En outre, il est possible que çà et là, parmi les vastes carrières de granit aient été découvertes non seulement des veines, mais des masses, ou des poches de pechblende. Dans ce cas la puissance à la disposition de ceux qui savaient comment l'utiliser a dû être fantastique. La science était en Égypte gardée par les prêtres, et dans leurs vastes congrégations il devait y avoir des hommes d'un grand savoir; des hommes qui savaient comment mettre en œuvre et avec le maximum d'avantages, ainsi que dans la direction qu'ils souhaitaient, les forces terrifiantes auxquelles ils commandaient. Et si le pechblende existait et existe en Égypte, ne pensez-vous pas qu'une grande quantité a dû être libérée par l'usure et l'érosion des roches granitiques?
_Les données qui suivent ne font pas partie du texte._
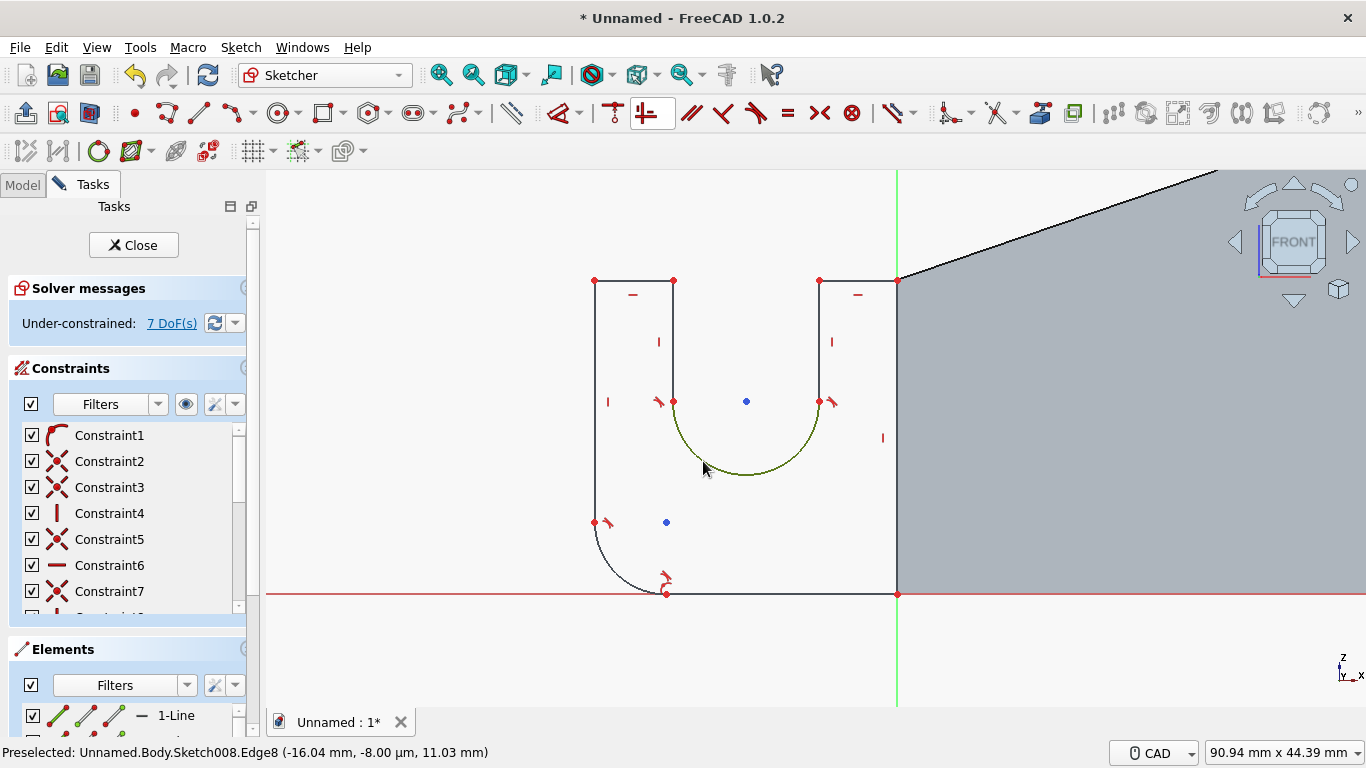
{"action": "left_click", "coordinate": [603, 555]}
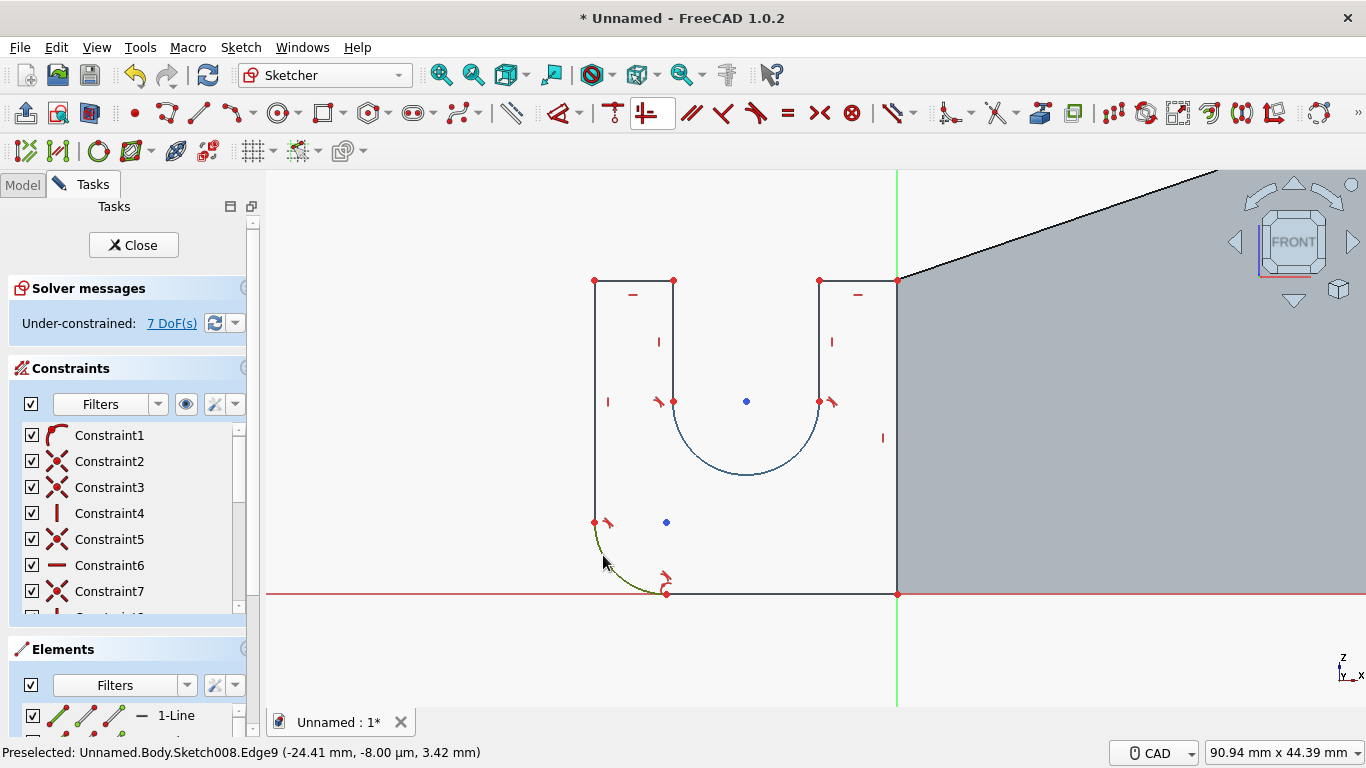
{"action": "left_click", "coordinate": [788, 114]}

Le temps et les intempéries réduisent toutes les roches en poussière; l'accumulation même de sables du désert, qui, à travers les siècles, ont recouvert quelques-uns des plus majestueux monuments édifiés par l'homme, en fournit la preuve. Si donc le radium est divisible en particules aussi ténues que le disent les savants, il a dû lui aussi être, avec le temps, libéré de sa prison de granit et laissé libre d'agir dans l'air. On pourrait presque hasarder une suggestion: le choix du scarabée comme symbole de la vie n'était peut-être pas dénué de toute base empirique. N'aurait-il pas été possible que les Coprophages aient eu le pouvoir, ou l'instinct, de se saisir des minuscules particules de ce radium qui donne du courage, la lumière – et peut-être la vie, et de les enclore avec leurs œufs dans ces boules de matière qu'ils roulent si assidûment, et qui leur ont donné leur nom ancien, Pilularia. Dans les milliards de tonnes de débris du désert, se trouve sûrement mélangée une certaine proportion de chacune des terres, des roches et des minéraux de leur zone; et, la nature adapte ses êtres vivants à chacun de ces milieux pour qu'ils puissent se développer sur ceux qui sont privés de vie.


» Les voyageurs nous disent que du verre abandonné dans les déserts tropicaux change de couleur et fonce sous le soleil de feu, comme il fait quand il est soumis à l'influence des rayons du radium. Cela n'implique-t-il pas une sorte de similitude entre les deux forces, qu'il reste à identifier?


Ces discussions scientifiques – ou pseudo-scientifiques – m'avaient apaisé. Elles détournaient mon esprit des rêveries sur les mystères de l'occulte, en attirant mon attention sur les merveilles de la nature.